WHAT IS BEING ASKED
Copy the lines below that contain "image".

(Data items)
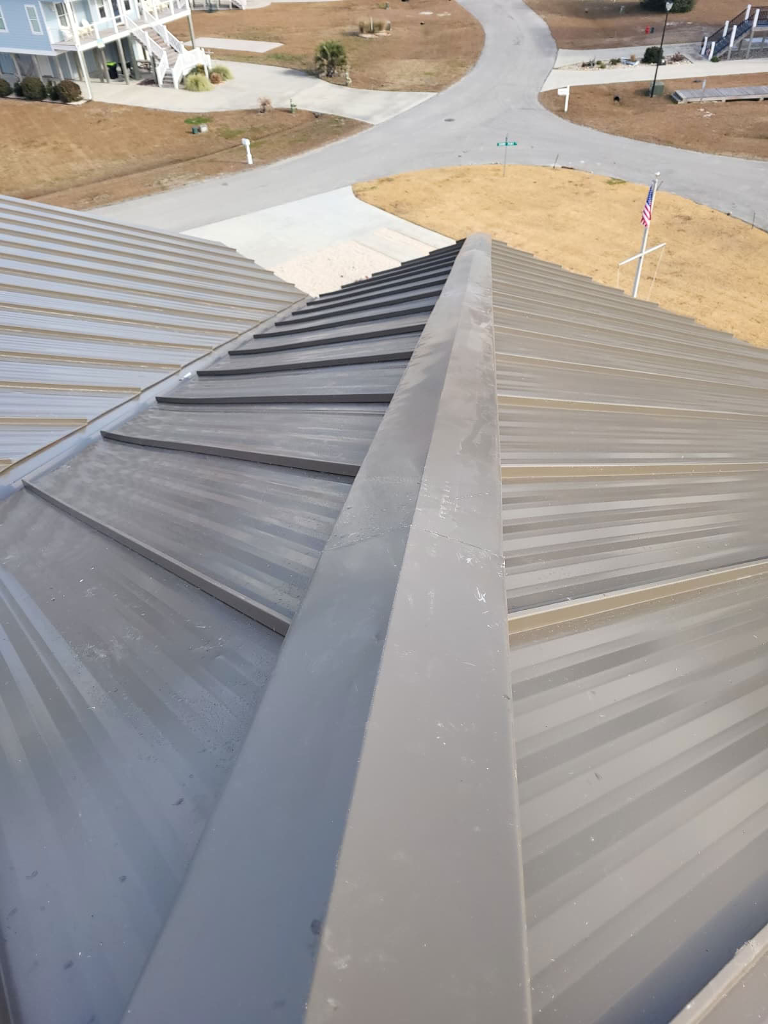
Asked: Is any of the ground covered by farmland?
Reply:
No
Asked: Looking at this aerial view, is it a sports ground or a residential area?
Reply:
residential area
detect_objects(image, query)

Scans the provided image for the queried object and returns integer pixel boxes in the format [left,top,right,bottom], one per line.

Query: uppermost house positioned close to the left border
[0,0,215,101]

RESPONSE AREA
detect_objects(image, query)
Scans the provided image for the queried object and returns integer pixel boxes in the format [left,top,right,bottom], one per line.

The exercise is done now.